# How do I read this data?

There's a variety of samples script out there for using the HRRR Zarr data. They don't all load the data the same way, and how to load it can be pretty confusing. This guide provides our current (as of writing) recommendations for the "best" ways to access the data, with weight given to performance (speed), code length, and a preference for high-level APIs. In the examples, as much as possible is written as a function you should just be able to copy and paste.
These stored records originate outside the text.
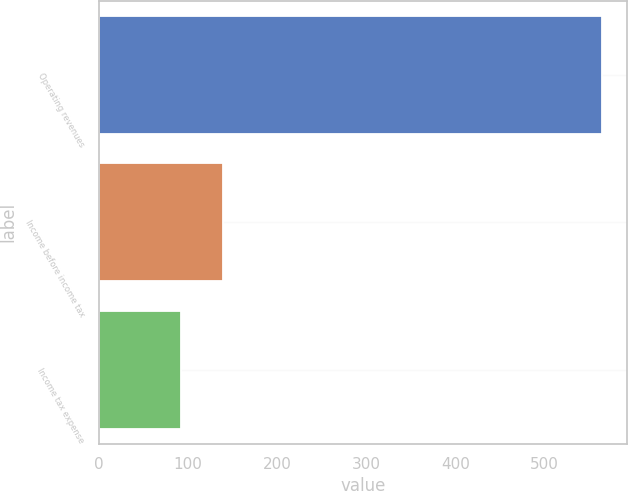Convert chart to OTSL. <chart><loc_0><loc_0><loc_500><loc_500><bar_chart><fcel>Operating revenues<fcel>Income before income tax<fcel>Income tax expense<nl><fcel>565<fcel>139.3<fcel>92<nl></chart> 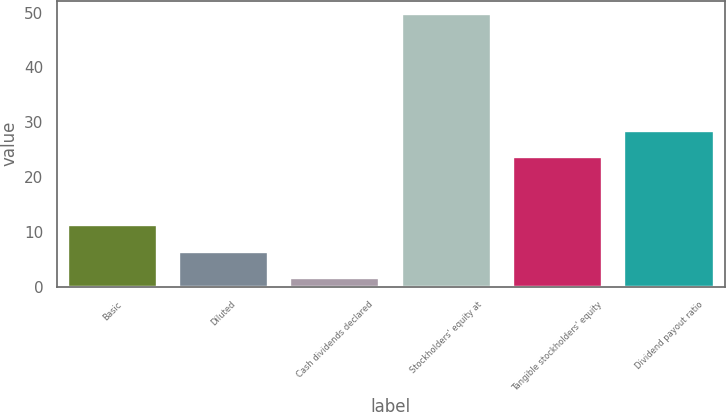Convert chart. <chart><loc_0><loc_0><loc_500><loc_500><bar_chart><fcel>Basic<fcel>Diluted<fcel>Cash dividends declared<fcel>Stockholders' equity at<fcel>Tangible stockholders' equity<fcel>Dividend payout ratio<nl><fcel>11.22<fcel>6.41<fcel>1.6<fcel>49.68<fcel>23.62<fcel>28.43<nl></chart> 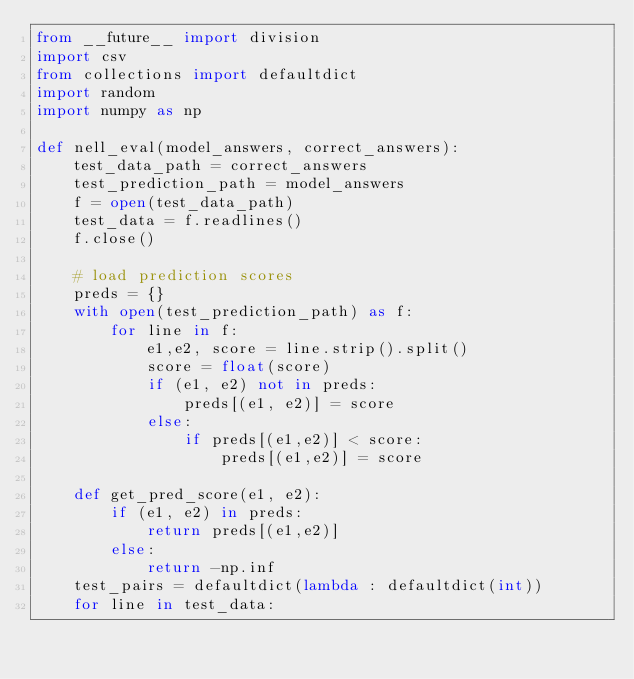<code> <loc_0><loc_0><loc_500><loc_500><_Python_>from __future__ import division
import csv
from collections import defaultdict
import random
import numpy as np

def nell_eval(model_answers, correct_answers):
    test_data_path = correct_answers
    test_prediction_path = model_answers
    f = open(test_data_path)
    test_data = f.readlines()
    f.close()

    # load prediction scores
    preds = {}
    with open(test_prediction_path) as f:
        for line in f:
            e1,e2, score = line.strip().split()
            score = float(score)
            if (e1, e2) not in preds:
                preds[(e1, e2)] = score
            else:
                if preds[(e1,e2)] < score:
                    preds[(e1,e2)] = score

    def get_pred_score(e1, e2):
        if (e1, e2) in preds:
            return preds[(e1,e2)]
        else:
            return -np.inf
    test_pairs = defaultdict(lambda : defaultdict(int))
    for line in test_data:</code> 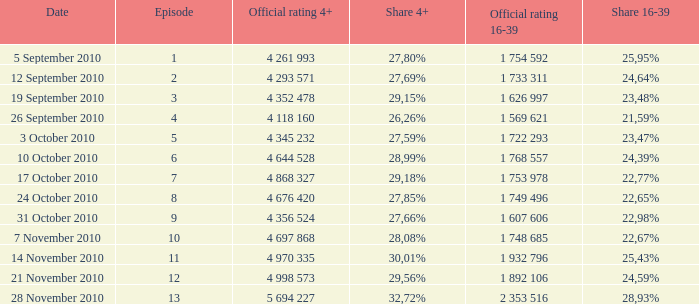What is the official 4+ rating of the episode with a 16-39 share of 2 4 998 573. 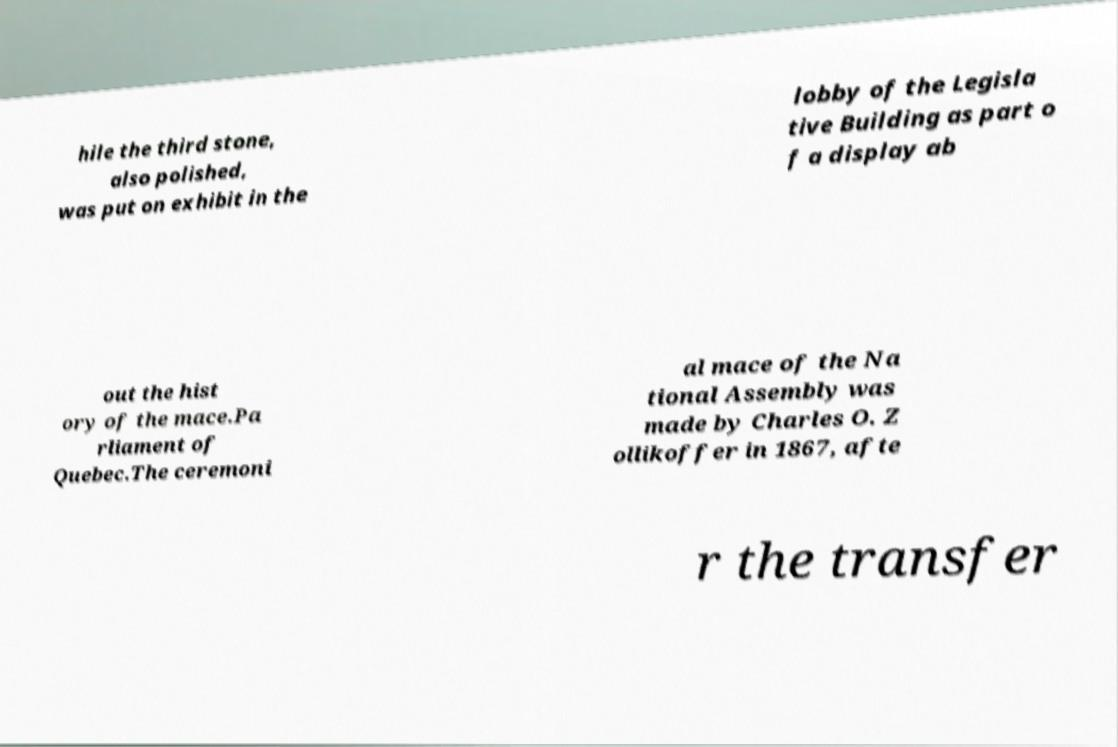Please read and relay the text visible in this image. What does it say? hile the third stone, also polished, was put on exhibit in the lobby of the Legisla tive Building as part o f a display ab out the hist ory of the mace.Pa rliament of Quebec.The ceremoni al mace of the Na tional Assembly was made by Charles O. Z ollikoffer in 1867, afte r the transfer 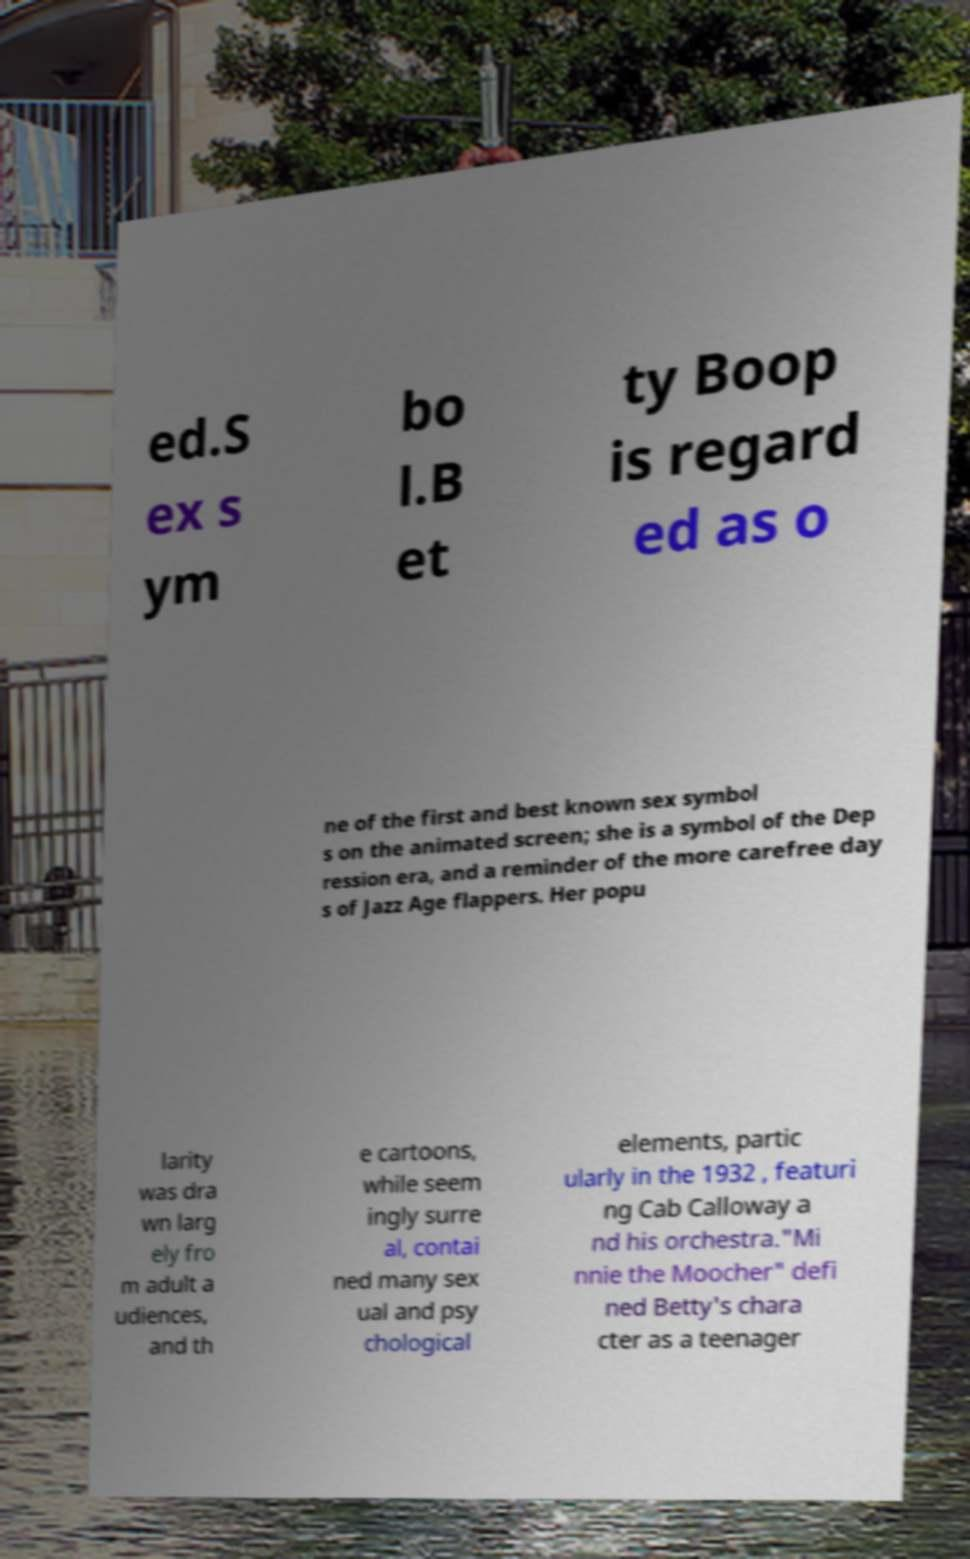Could you assist in decoding the text presented in this image and type it out clearly? ed.S ex s ym bo l.B et ty Boop is regard ed as o ne of the first and best known sex symbol s on the animated screen; she is a symbol of the Dep ression era, and a reminder of the more carefree day s of Jazz Age flappers. Her popu larity was dra wn larg ely fro m adult a udiences, and th e cartoons, while seem ingly surre al, contai ned many sex ual and psy chological elements, partic ularly in the 1932 , featuri ng Cab Calloway a nd his orchestra."Mi nnie the Moocher" defi ned Betty's chara cter as a teenager

There are two main paths for reading the data:
* xarray.open_mfdataset  
* HRRR_chunk_index.h5

The first gives you the whole grid with a lot of metadata, the second is faster if you want data from many model runs and only want a single grid point or region.

The open_mfdataset method is somewhat complex since the projection and other metadata need extra setup steps. The chunk index method is complex since no API currently supports reading zarr data from a single chunk rather than the whole group or array.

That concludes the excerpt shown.